General Car Related Discussion. To discuss anything that is related to cars and automotive technology that doesnt naturally fit into another forum catagory.

Few funnies

Thread Tools
 
Search this Thread
 
Old 09-02-2006, 04:09 PM
  #1  
Adrian
PassionFord Post Whore!!

Thread Starter
 
Adrian's Avatar
 
Join Date: May 2003
Location: Norwich, Norfolk, UK
Posts: 7,757
Likes: 0
Received 0 Likes on 0 Posts
Default Few funnies

Some may have been posted before but ho hum...

Things to think about...

You spend the first two years of their life teaching them to walk and talk. Then you spend the next sixteen telling them to sit down and shut up.

Grandchildren are God's reward for not killing your own children.

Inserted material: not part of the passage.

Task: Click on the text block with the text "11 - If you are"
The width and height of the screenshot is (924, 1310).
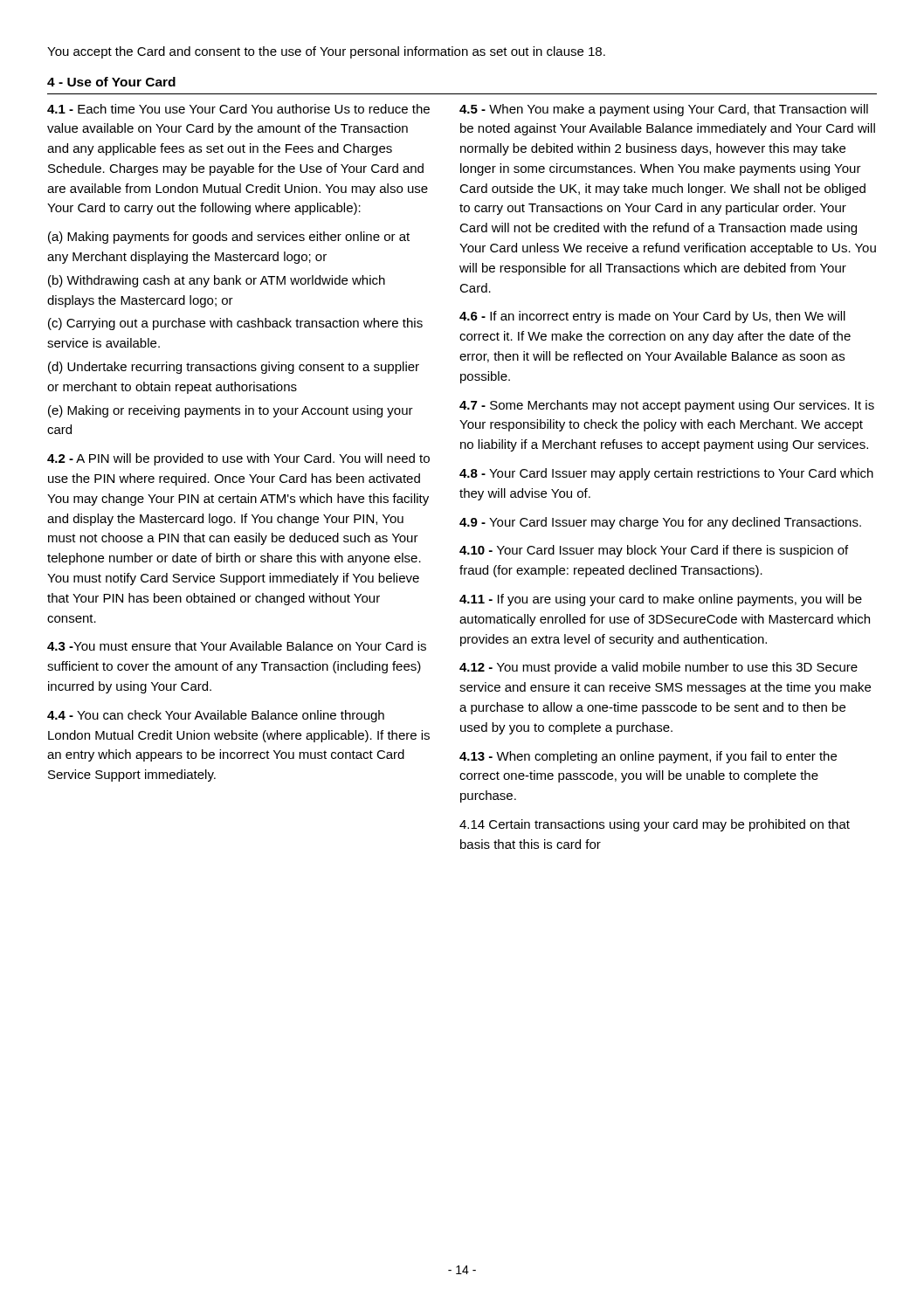Action: click(665, 619)

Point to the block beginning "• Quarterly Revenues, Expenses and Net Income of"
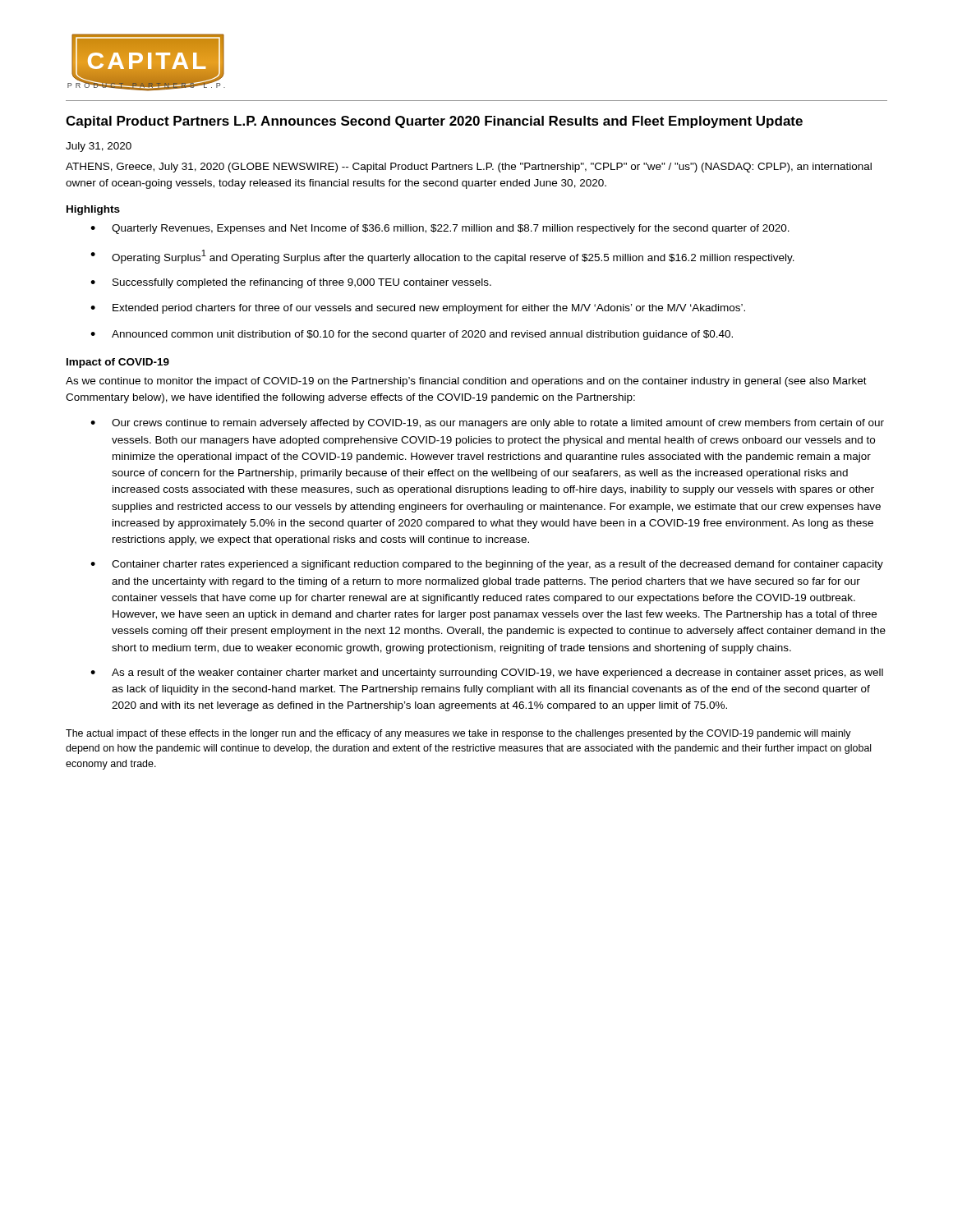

Mothers of teens now know why some animals eat their young.

Children seldom misquote you. In fact, they usually repeat word for word what you shouldn't have said.

The main purpose of holding children's parties is to remind yourself that there are children more awful than your own.

We child proof our homes, but they are still getting in.


Advice for the day...

Be nice to your kids. They will choose your nursing home.

And finally...

If you have a lot of tension and you get a headache, do what it says on the paracetemol bottle: "Take two aspirin" and "Keep away from children" !!!!


A nursery school pupil told his teacher he'd found a cat.
She asked him if it was dead or alive.
"Dead." She was informed.
"How do you know?" she asked her pupil.
"Because I pi*sed in its ear and it didn't move," answered the child
innocently.
"You did WHAT?!?" the teacher exclaimed in surprise.
"You know," explained the boy, "I leaned over and went 'Pssst!' and it didn't move!!"


There are three kinds of sex in a marriage.

The first is Kitchen Sex. This is at the beginning of the marriage; you'll
have sex anywhere, anytime. Hence, in the kitchen.

The second kind is Bedroom Sex. You've calmed down a bit, perhaps have kids, you gotta do it in the bedroom.

The third kind is Hallway Sex. This is where you pass each other in the
hallway and say, "F*ck you."

There is also a fourth kind of sex: Courtroom Sex. This is when you get
divorced and your wife f*cks you in front of everyone in court.






The Silent Treatment

A man and his wife were having some problems at home and were giving each other the silent treatment.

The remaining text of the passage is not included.